= Estates General of French Canada =

The Estates General of French Canada (États généraux du Canada français) were a series of three assizes held in Montreal, Quebec, Canada between 1966 and 1969. Organized by the Ligue d'action nationale and coordinated by the Fédération des Sociétés Saint-Jean-Baptistes du Québec (FSSJBQ), the stated objective of these Estates General was to consult the French-Canadian people on their constitutional future.

== Origins ==
According to Rosaire Morin, editor of the L'Action nationale review, the idea of the Estates General was launched by the FSSJBQ in 1961. Annual assemblies gathering the representatives of several French-Canadian associations occurred around that time, but these involved no more than 30 people.

In May 1963, MLA Jean-Jacques Bertrand presented a motion in the Legislative Assembly of Quebec in which he asked for the setting up of "a special committee to prepare the convocation of the French-Canadian General Estates". However, this move was not followed and the initiative of convening the Estates General came from civil society instead of the Quebec Parliament.

In April 1964, the proposal of the FSSJBQ regarding the Estates General was endorsed by various associations and intermediary bodies of Quebec's civil society.
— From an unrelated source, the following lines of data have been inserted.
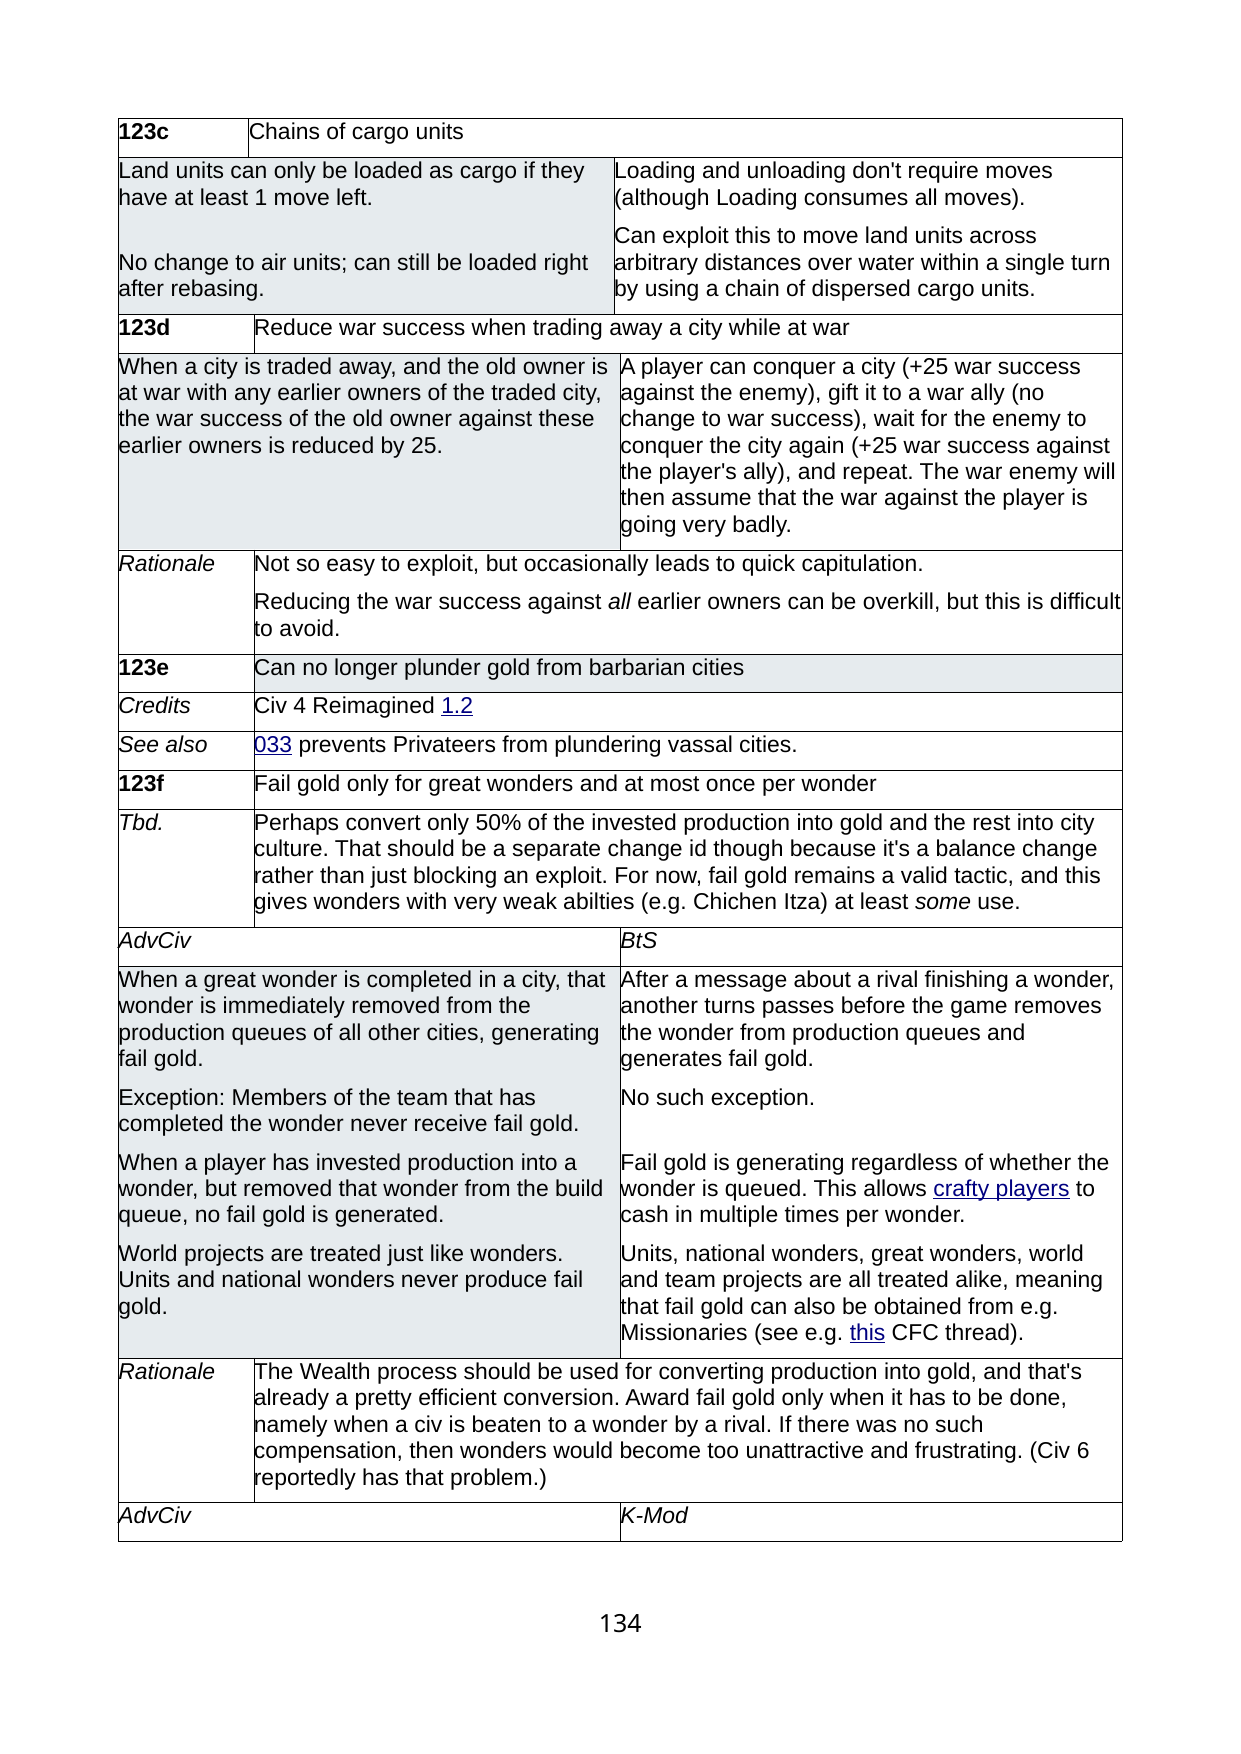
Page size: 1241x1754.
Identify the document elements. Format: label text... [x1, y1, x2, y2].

table_cell AdvCiv [119, 1503, 620, 1541]
table_cell 123f [119, 771, 254, 809]
table_cell Fail gold only for great wonders and at most once per wonder [255, 771, 1122, 809]
table_cell AdvCiv [119, 928, 620, 966]
table_cell After a message about a rival finishing a wonder, another turns passes before the game removes the wonder from production queues and generates fail gold. No such exception. Fail gold is generating regardless of whether the wonder is queued. This allows crafty players to cash in multiple times per wonder. Units, national wonders, great wonders, world and team projects are all treated alike, meaning that fail gold can also be obtained from e.g. Missionaries (see e.g. this CFC thread). [621, 967, 1122, 1358]
table_cell Civ 4 Reimagined 1.2 [255, 693, 1122, 731]
table_cell The Wealth process should be used for converting production into gold, and that's already a pretty efficient conversion. Award fail gold only when it has to be done, namely when a civ is beaten to a wonder by a rival. If there was no such compensation, then wonders would become too unattractive and frustrating. (Civ 6 reportedly has that problem.) [255, 1359, 1122, 1502]
table_cell Perhaps convert only 50% of the invested production into gold and the rest into city culture. That should be a separate change id though because it's a balance change rather than just blocking an exploit. For now, fail gold remains a valid tactic, and this gives wonders with very weak abilties (e.g. Chichen Itza) at least some use. [255, 810, 1122, 927]
table_cell When a city is traded away, and the old owner is at war with any earlier owners of the traded city, the war success of the old owner against these earlier owners is reduced by 25. [119, 354, 620, 549]
table_cell 123e [119, 655, 254, 692]
table_cell Chains of cargo units [249, 119, 1122, 157]
table_cell Land units can only be loaded as cargo if they have at least 1 move left. No change to air units; can still be loaded right after rebasing. [119, 158, 614, 314]
table_cell See also [119, 732, 254, 770]
table_cell 033 prevents Privateers from plundering vassal cities. [255, 732, 1122, 770]
table_cell K-Mod [621, 1503, 1122, 1541]
table_cell Reduce war success when trading away a city while at war [255, 315, 1122, 352]
table_cell Not so easy to exploit, but occasionally leads to quick capitulation. Reducing the war success against all earlier owners can be overkill, but this is difficult to avoid. [255, 551, 1122, 653]
table_cell When a great wonder is completed in a city, that wonder is immediately removed from the production queues of all other cities, generating fail gold. Exception: Members of the team that has completed the wonder never receive fail gold. When a player has invested production into a wonder, but removed that wonder from the build queue, no fail gold is generated. World projects are treated just like wonders. Units and national wonders never produce fail gold. [119, 967, 620, 1358]
table_cell Credits [119, 693, 254, 731]
table_cell Loading and unloading don't require moves (although Loading consumes all moves). Can exploit this to move land units across arbitrary distances over water within a single turn by using a chain of dispersed cargo units. [615, 158, 1122, 314]
table_cell Rationale [119, 1359, 254, 1502]
table_cell 123c [119, 119, 248, 157]
table_cell BtS [621, 928, 1122, 966]
table_cell A player can conquer a city (+25 war success against the enemy), gift it to a war ally (no change to war success), wait for the enemy to conquer the city again (+25 war success against the player's ally), and repeat. The war enemy will then assume that the war against the player is going very badly. [621, 354, 1122, 549]
table_cell Can no longer plunder gold from barbarian cities [255, 655, 1122, 692]
table_cell 123d [119, 315, 254, 352]
table_cell Rationale [119, 551, 254, 653]
table_cell Tbd. [119, 810, 254, 927]

In November 1965, a provisional committee composed of 27 members was set up to try to reach out as many associations as possible.

The December 1965 issue of L'Action nationale contained a first article treating the subject of the history and functioning of the Estates General in France. A second article on the same subject was published in the February 1966 issue. A third one was intended for the May–June 1966 issue, but this issue was never published.
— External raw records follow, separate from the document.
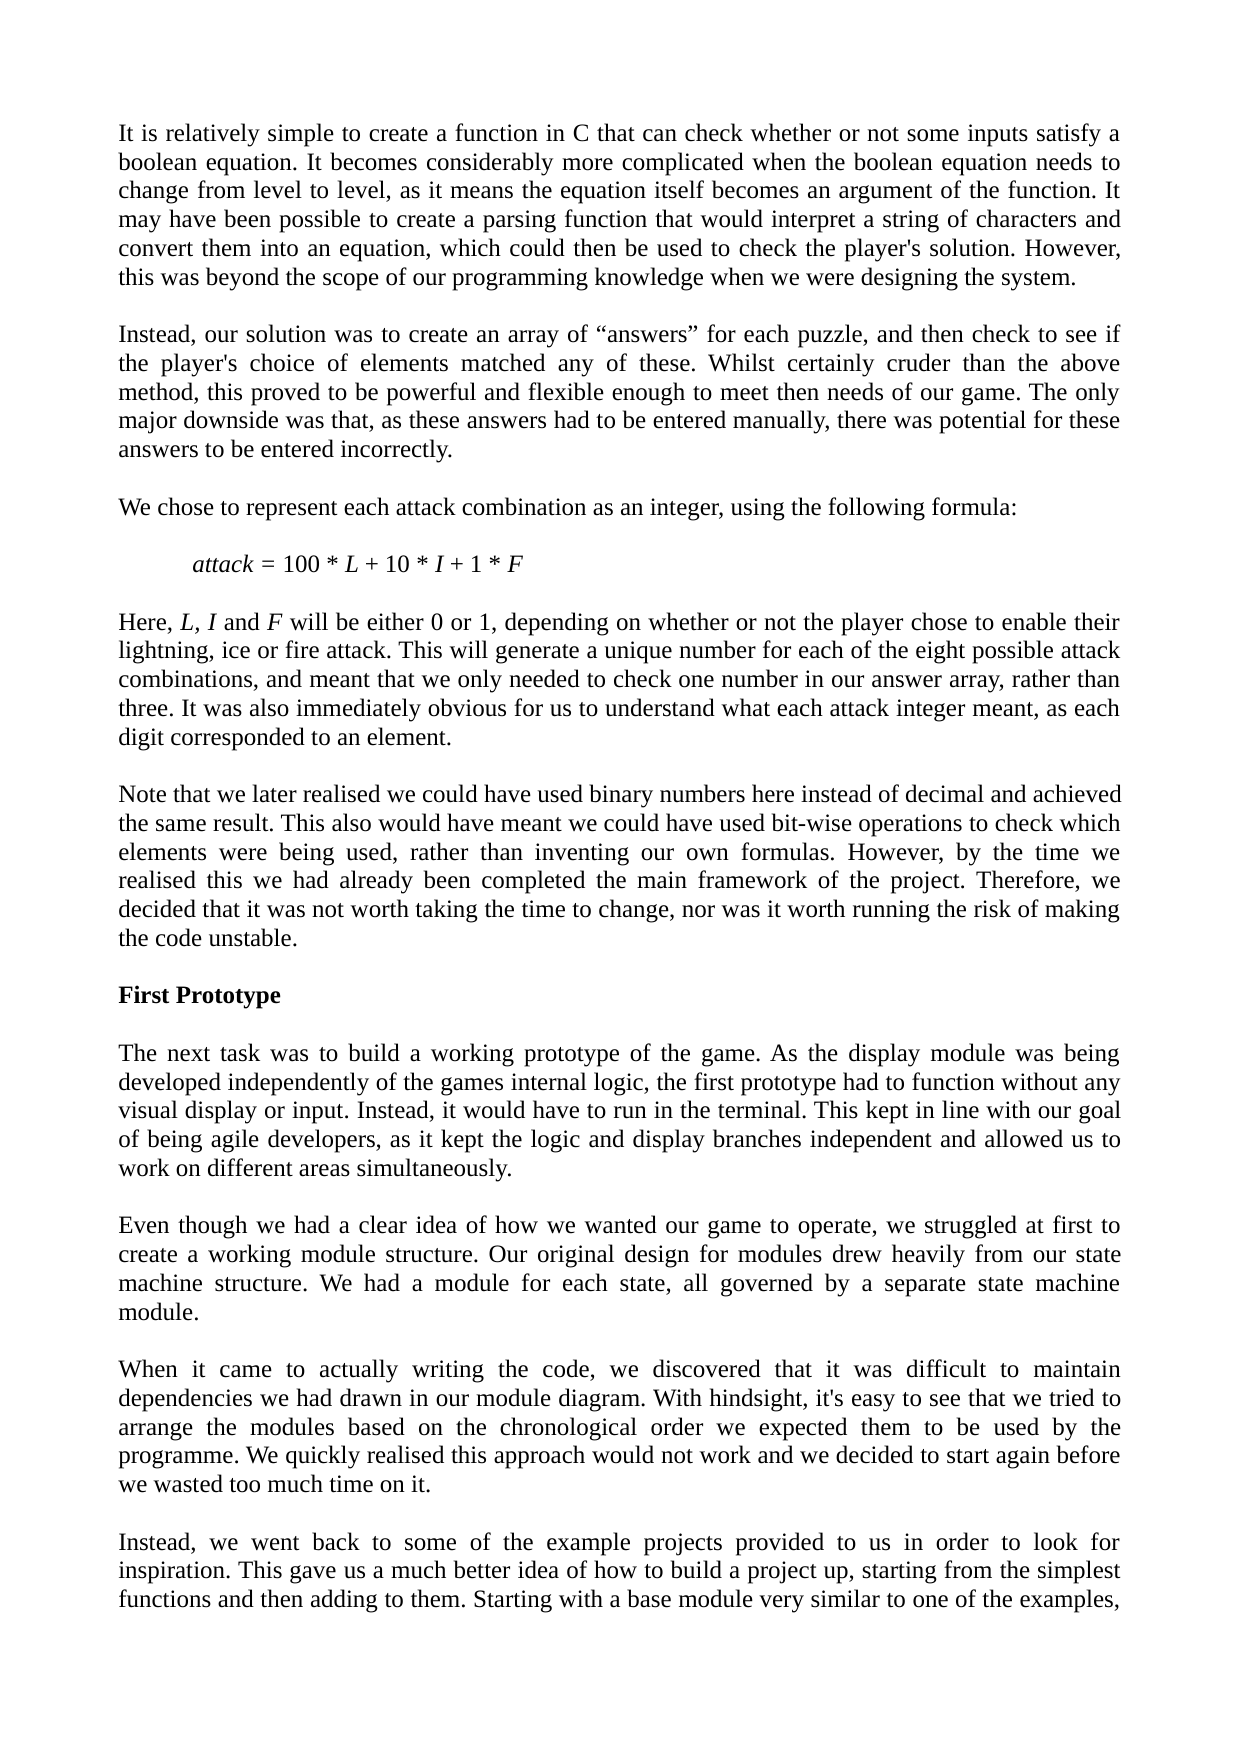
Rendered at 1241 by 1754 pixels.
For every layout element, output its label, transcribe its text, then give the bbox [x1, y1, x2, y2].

text attack = 100 * L + 10 * I + 1 * F [118, 549, 1122, 578]
text Instead, we went back to some of the example projects provided to us in order to look for inspiration. This gave us a much better idea of how to build a project up, starting from the simplest functions and then adding to them. Starting with a base module very similar to one of the examples, [118, 1527, 1122, 1613]
text Here, L, I and F will be either 0 or 1, depending on whether or not the player chose to enable their lightning, ice or fire attack. This will generate a unique number for each of the eight possible attack combinations, and meant that we only needed to check one number in our answer array, rather than three. It was also immediately obvious for us to understand what each attack integer meant, as each digit corresponded to an element. [118, 607, 1122, 751]
text Even though we had a clear idea of how we wanted our game to operate, we struggled at first to create a working module structure. Our original design for modules drew heavily from our state machine structure. We had a module for each state, all governed by a separate state machine module. [118, 1211, 1122, 1326]
text It is relatively simple to create a function in C that can check whether or not some inputs satisfy a boolean equation. It becomes considerably more complicated when the boolean equation needs to change from level to level, as it means the equation itself becomes an argument of the function. It may have been possible to create a parsing function that would interpret a string of characters and convert them into an equation, which could then be used to check the player's solution. However, this was beyond the scope of our programming knowledge when we were designing the system. [118, 118, 1122, 291]
text Instead, our solution was to create an array of “answers” for each puzzle, and then check to see if the player's choice of elements matched any of these. Whilst certainly cruder than the above method, this proved to be powerful and flexible enough to meet then needs of our game. The only major downside was that, as these answers had to be entered manually, there was potential for these answers to be entered incorrectly. [118, 319, 1122, 463]
text The next task was to build a working prototype of the game. As the display module was being developed independently of the games internal logic, the first prototype had to function without any visual display or input. Instead, it would have to run in the terminal. This kept in line with our goal of being agile developers, as it kept the logic and display branches independent and allowed us to work on different areas simultaneously. [118, 1038, 1122, 1182]
text Note that we later realised we could have used binary numbers here instead of decimal and achieved the same result. This also would have meant we could have used bit-wise operations to check which elements were being used, rather than inventing our own formulas. However, by the time we realised this we had already been completed the main framework of the project. Therefore, we decided that it was not worth taking the time to change, nor was it worth running the risk of making the code unstable. [118, 779, 1122, 952]
text We chose to represent each attack combination as an integer, using the following formula: [118, 492, 1122, 521]
text When it came to actually writing the code, we discovered that it was difficult to maintain dependencies we had drawn in our module diagram. With hindsight, it's easy to see that we tried to arrange the modules based on the chronological order we expected them to be used by the programme. We quickly realised this approach would not work and we decided to start again before we wasted too much time on it. [118, 1354, 1122, 1498]
text First Prototype [118, 981, 1122, 1009]

The president of the Estates General, lawyer Albert Leblanc, was appointed to the Superior Court of Quebec during the course of the year 1966 and was replaced by law professor Jacques-Yvan Morin.

== Preliminary assizes of 1966 ==
The Preliminary assizes of 1966 were the first meeting of the Estates General of French Canada. The assizes, held from November 25 to 27 at Université de Montréal, were said to be preliminary because their objective was to prepare the working material on the basis of which the subsequent assizes were to debate.

== National assizes of 1967 ==

The National assizes of 1967 were the second meeting of the Estates General of French Canada. They were held from November 23 to 26 at Place des Arts in Montreal. The delegates adopted among others an important resolution pertaining to the right to self-determination of the French Canadians in the territory of Quebec, which was declared the "national territory and fundamental political milieu" of their nation.

== National assizes of 1969 ==
The National assizes of 1969 were the third and last meeting of the Estates General of French Canada. They were held from March 5 to 9 at the Queen Elizabeth Hotel. The delegates adopted among others an important resolution proposing to convene a constituent assembly for the drafting of the constitution of Quebec.

== Timeline ==
- 1966 - On September 13, election of the territorial delegates to the preliminary assizes.
- 1966 - From November 25 to 27, the preliminary assizes are held at Université de Montréal.
- 1967 - On April 16, election of the territorial delegates to the first national assizes.
- 1967 - From November 23 to 26, the first national assizes are held at Place des Arts in Montreal.
- 1969 - From March 5 to 9, the second national assizes are held at the Queen Elizabeth Hotel in Montreal.